The acute inflammatory response to brain injury or infection is a well-established and adaptive defense system. Mediated by microglial cells, the inflammatory cascade serves to restore tissue health and benefit the affected neural environment (Calsolaro and Edison, 2016; Rubio-Perez and Morillas-Ruiz, 2012). However, in AD, perturbations in the inflammatory response occur. Abundant animal work shows that the presence and accumulation of Aβ causes microglial cells to remain in a state of chronic activation, resulting in prolonged pro-inflammatory signaling that exacerbates the neurodegenerative processes observed in AD, including the generation and progression of Aβ species (for review, see Bronzuoli et al., 2016; Dá Mesquita et al., 2016; Heneka et al., 2015; Kinney et al., 2018; Spangenberg and Green, 2017). Consistent with this, translational work in humans shows that activated microglia localize to Aβ plaques in post-mortem tissue (Calsolaro and Edison, 2016; Strauss et al., 1992), and in vivo evaluations using Positron Emission Tomography (PET) imaging confirm that neuroinflammatory signaling is elevated among those with AD (Chandra et al., 2019) as well as those in the preclinical and prodromal phases (Bradburn et al., 2019; Chandra et al., 2019; Parbo et al., 2018; Zou et al., 2020). While the precise mechanisms remain a matter of debate, these studies suggest that neuroinflammatory processes are initiated early in the disease course and may peak or become particularly relevant during distinct timepoints of disease development.

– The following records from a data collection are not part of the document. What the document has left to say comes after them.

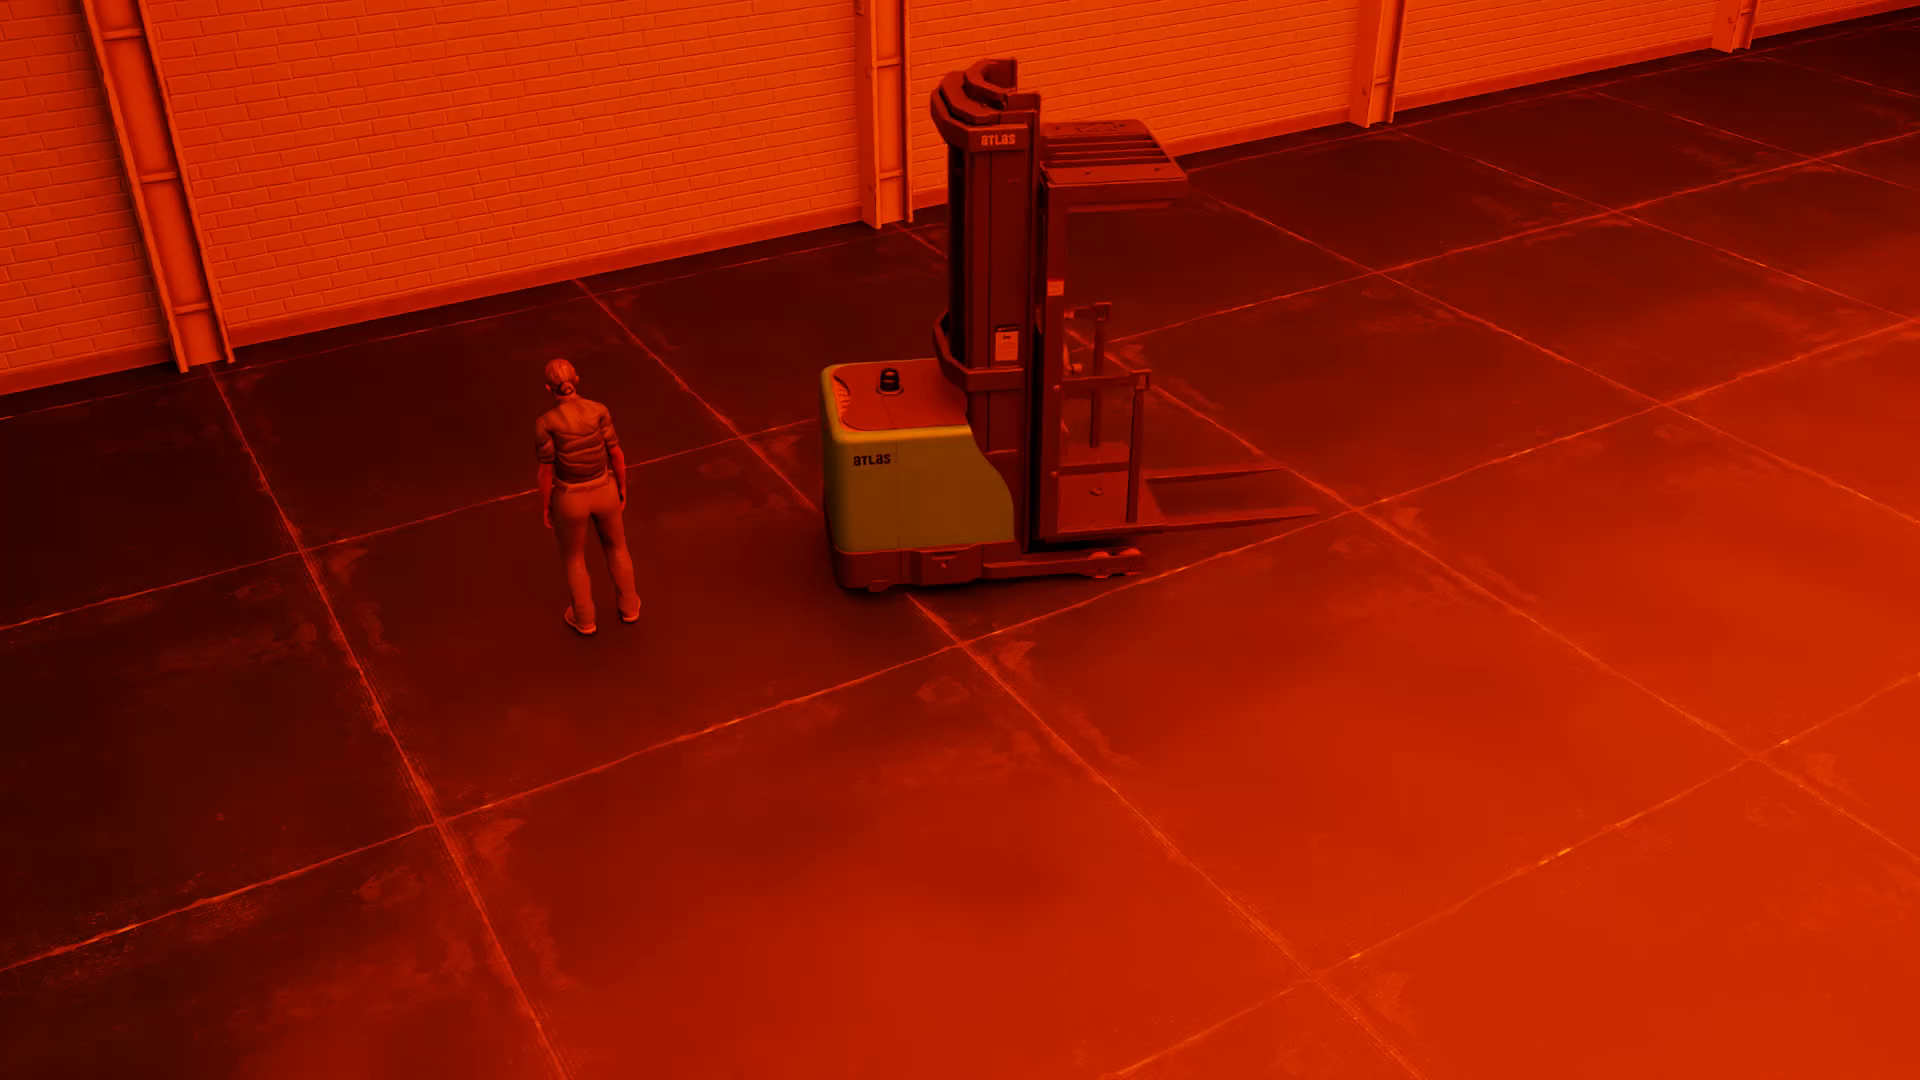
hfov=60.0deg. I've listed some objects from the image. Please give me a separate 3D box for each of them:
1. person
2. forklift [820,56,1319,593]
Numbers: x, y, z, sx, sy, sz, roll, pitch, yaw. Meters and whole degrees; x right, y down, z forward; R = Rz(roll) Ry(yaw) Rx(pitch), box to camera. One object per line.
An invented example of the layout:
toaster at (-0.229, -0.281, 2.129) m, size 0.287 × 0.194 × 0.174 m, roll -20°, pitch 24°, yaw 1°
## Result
person at (-2.091, -0.238, 9.291) m, size 0.520 × 1.653 × 0.349 m, roll -15°, pitch 34°, yaw -23°
forklift at (0.692, -1.286, 9.794) m, size 3.031 × 2.935 × 1.130 m, roll -5°, pitch 31°, yaw -8°
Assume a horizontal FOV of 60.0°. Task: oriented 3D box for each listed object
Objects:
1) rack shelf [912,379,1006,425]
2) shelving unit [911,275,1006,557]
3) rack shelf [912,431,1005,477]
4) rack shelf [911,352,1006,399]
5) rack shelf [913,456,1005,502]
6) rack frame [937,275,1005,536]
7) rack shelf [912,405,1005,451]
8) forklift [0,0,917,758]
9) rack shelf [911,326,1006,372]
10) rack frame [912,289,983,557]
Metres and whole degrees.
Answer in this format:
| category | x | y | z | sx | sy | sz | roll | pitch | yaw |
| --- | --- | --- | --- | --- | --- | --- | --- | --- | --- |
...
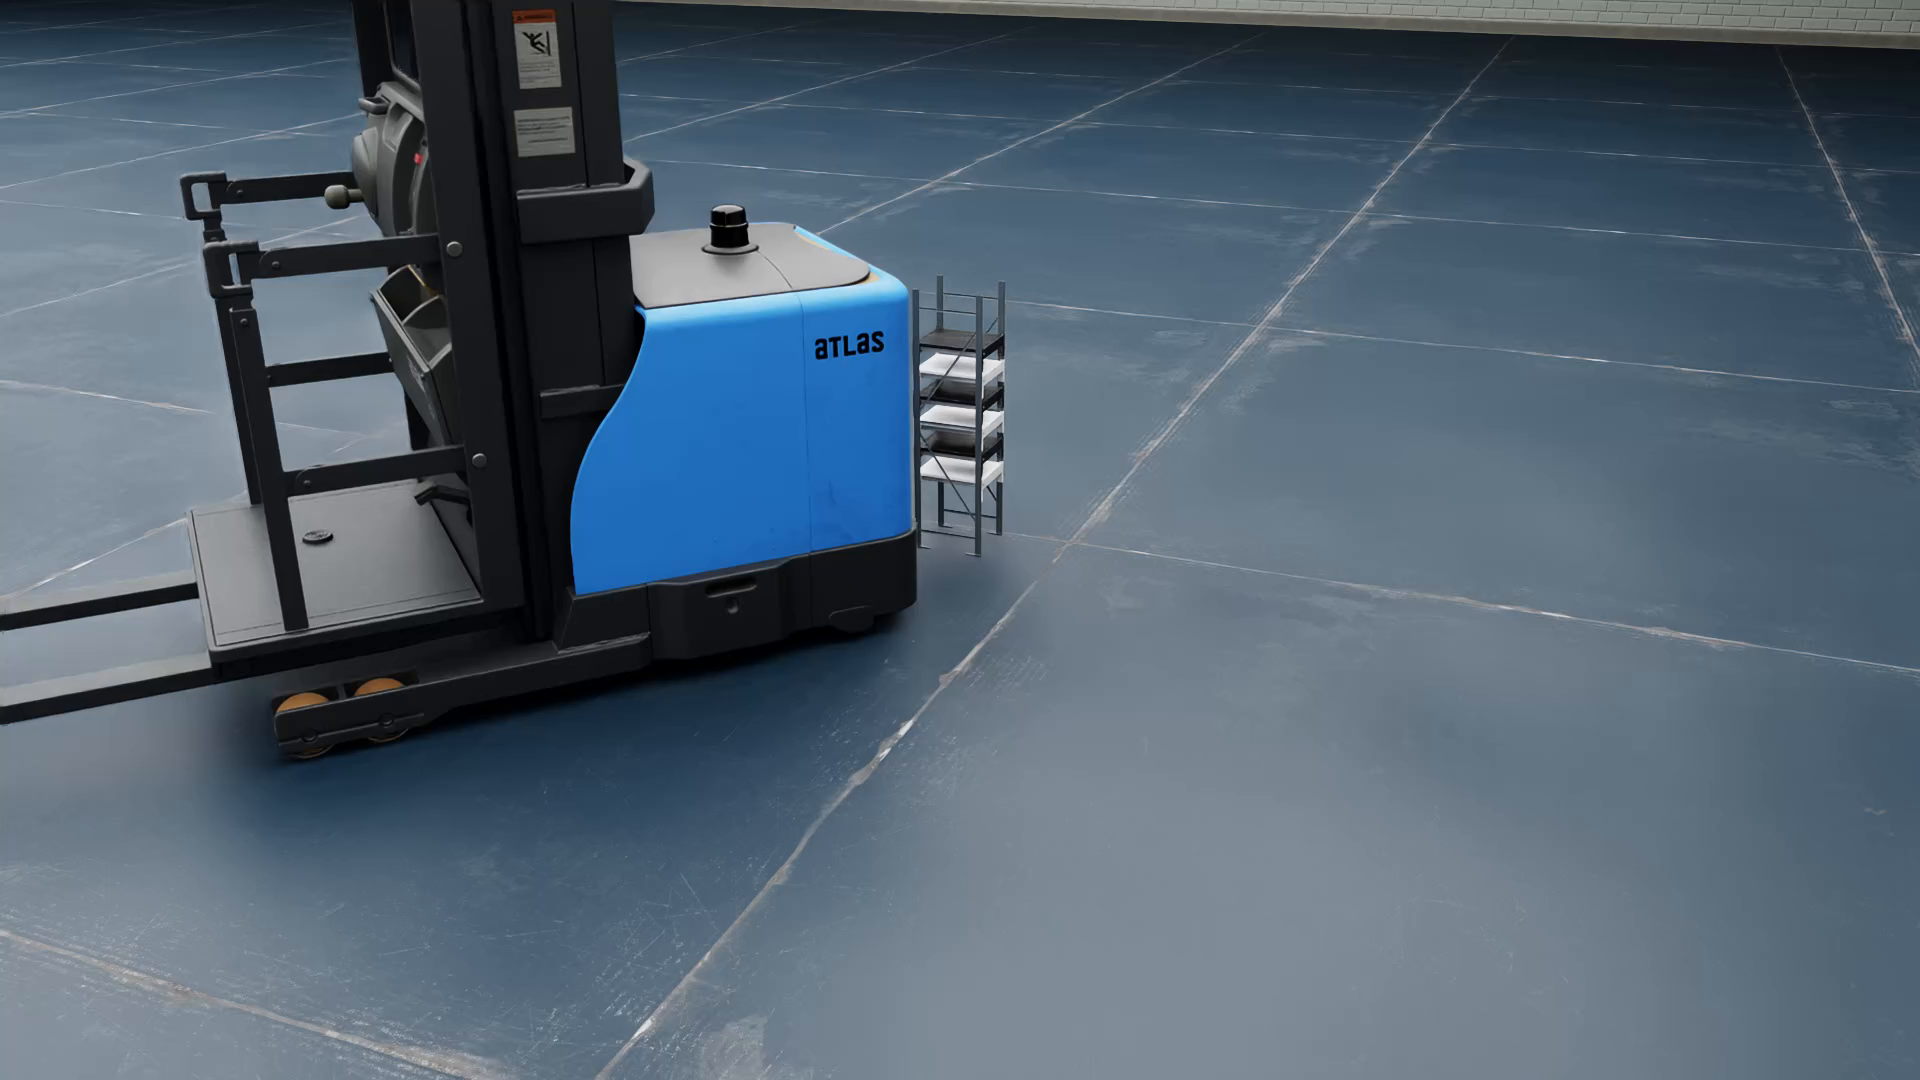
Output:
| category | x | y | z | sx | sy | sz | roll | pitch | yaw |
| --- | --- | --- | --- | --- | --- | --- | --- | --- | --- |
| rack shelf | -0.003 | -0.465 | 5.548 | 0.258 | 0.077 | 0.200 | 9 | 24 | 20 |
| shelving unit | -0.003 | -0.412 | 5.570 | 0.258 | 0.900 | 0.210 | 9 | 24 | 20 |
| rack shelf | -0.003 | -0.299 | 5.617 | 0.258 | 0.077 | 0.200 | 9 | 24 | 20 |
| rack shelf | -0.003 | -0.548 | 5.513 | 0.258 | 0.077 | 0.200 | 9 | 24 | 20 |
| rack shelf | -0.003 | -0.215 | 5.652 | 0.258 | 0.077 | 0.200 | 9 | 24 | 20 |
| rack frame | 0.035 | -0.449 | 5.657 | 0.240 | 0.900 | 0.006 | 9 | 24 | 20 |
| rack shelf | -0.003 | -0.382 | 5.582 | 0.258 | 0.077 | 0.200 | 9 | 24 | 20 |
| forklift | -1.687 | -1.011 | 4.367 | 3.031 | 2.935 | 1.130 | -11 | 25 | -24 |
| rack shelf | -0.003 | -0.631 | 5.478 | 0.258 | 0.077 | 0.200 | 9 | 24 | 20 |
| rack frame | -0.041 | -0.376 | 5.483 | 0.240 | 0.900 | 0.006 | 9 | 24 | 20 |
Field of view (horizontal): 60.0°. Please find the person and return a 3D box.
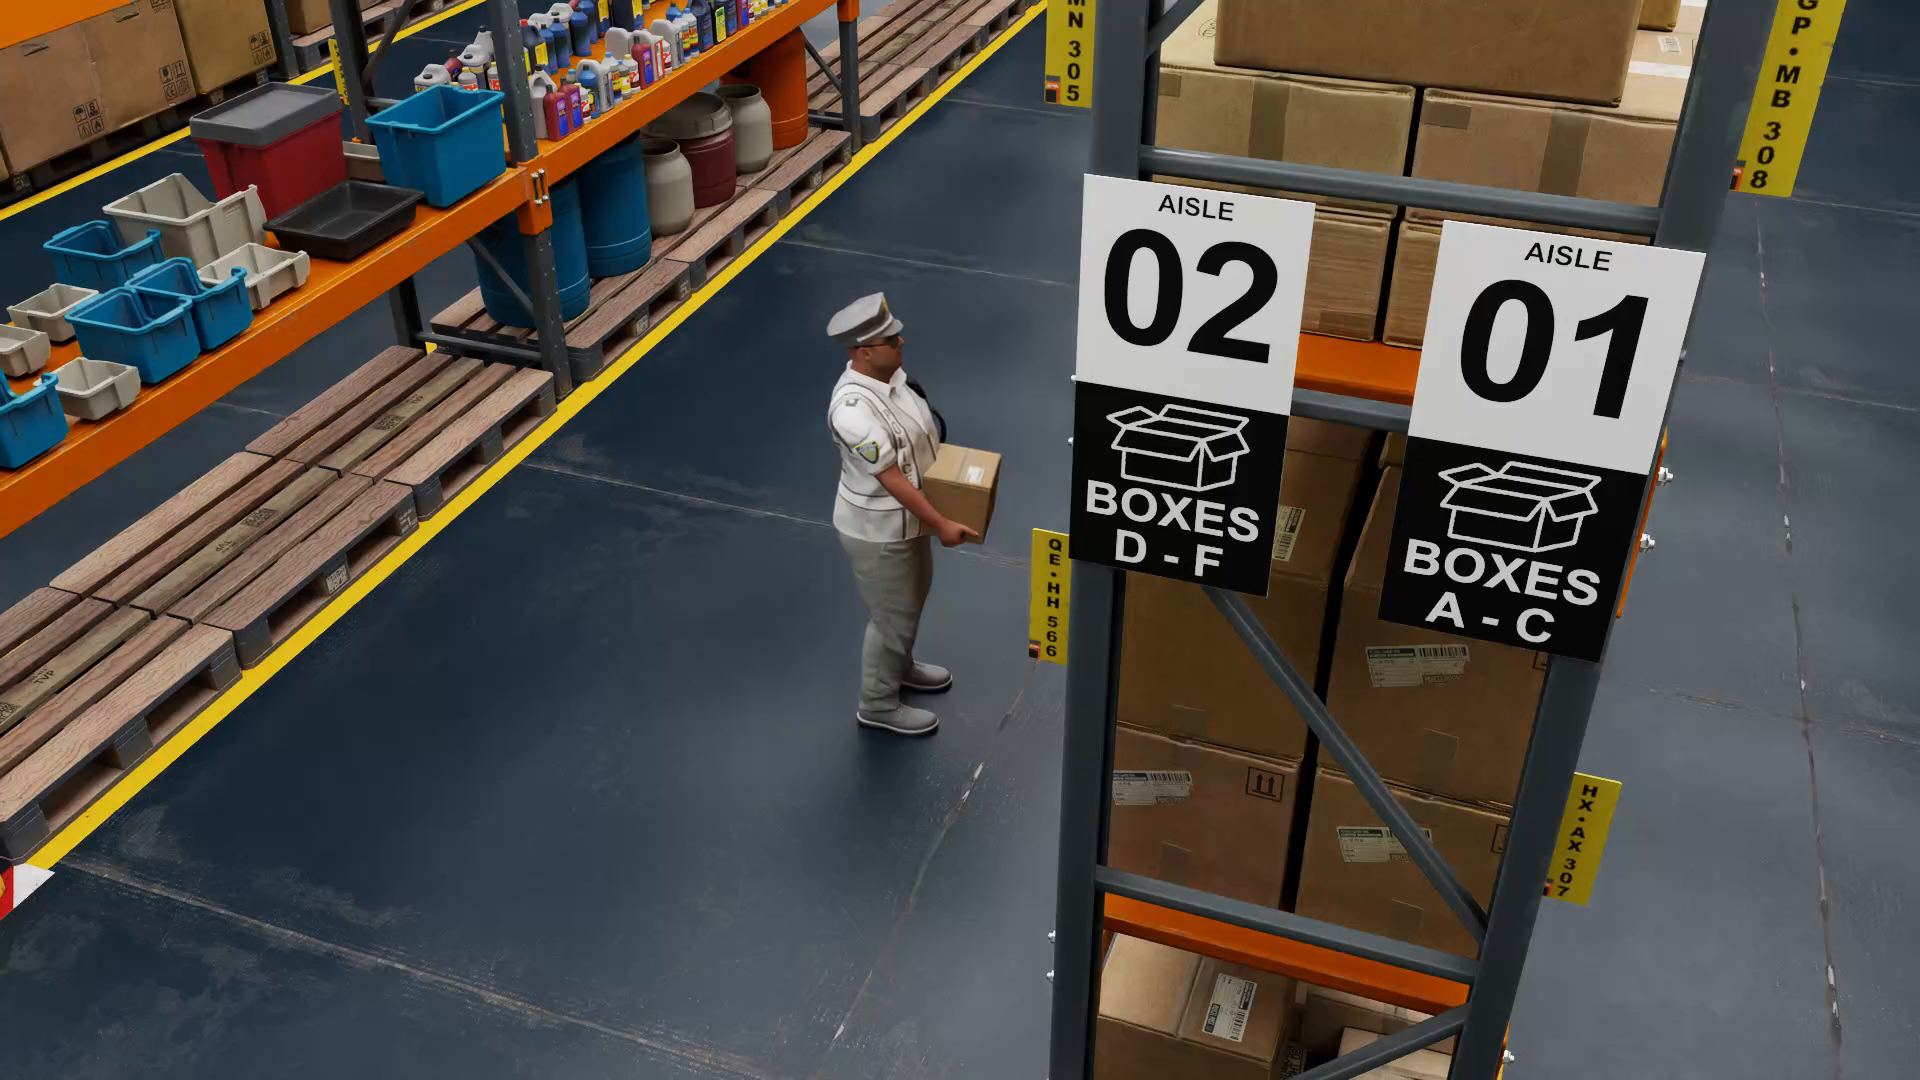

The pathogenic role of inflammation in AD may not be restricted to immune cells originating in the brain, with several lines of evidence supporting the dynamic involvement of peripheral inflammatory processes. Vascular risk factors that result in a sustained, pro-inflammatory state (e.g., hypertension, midlife obesity, insulin resistance, and high cholesterol) represent well-established risk factors for AD (Barnes and Yaffe, 2011; Kamer et al., 2008; Kivipelto et al., 2001; Welty et al., 2016). Moreover, hypertension (Hughes et al., 2014b), arterial stiffness (Hughes et al., 2014a), elevated triglycerides (Choi et al., 2016), and genetic markers of cholesterol transport (Hughes et al., 2014b) have independently been associated with elevated cortical Aβ burden in preclinical and prodromal populations. Efforts to characterize the relationship between peripheral inflammatory biomarkers and Aβ have largely involved symptomatic populations (Brosseron et al., 2014; Lai et al., 2017; Saleem et al., 2015). However, elevations in systemic inflammatory signaling may emerge or contribute to AD pathogenesis well before symptom manifestation.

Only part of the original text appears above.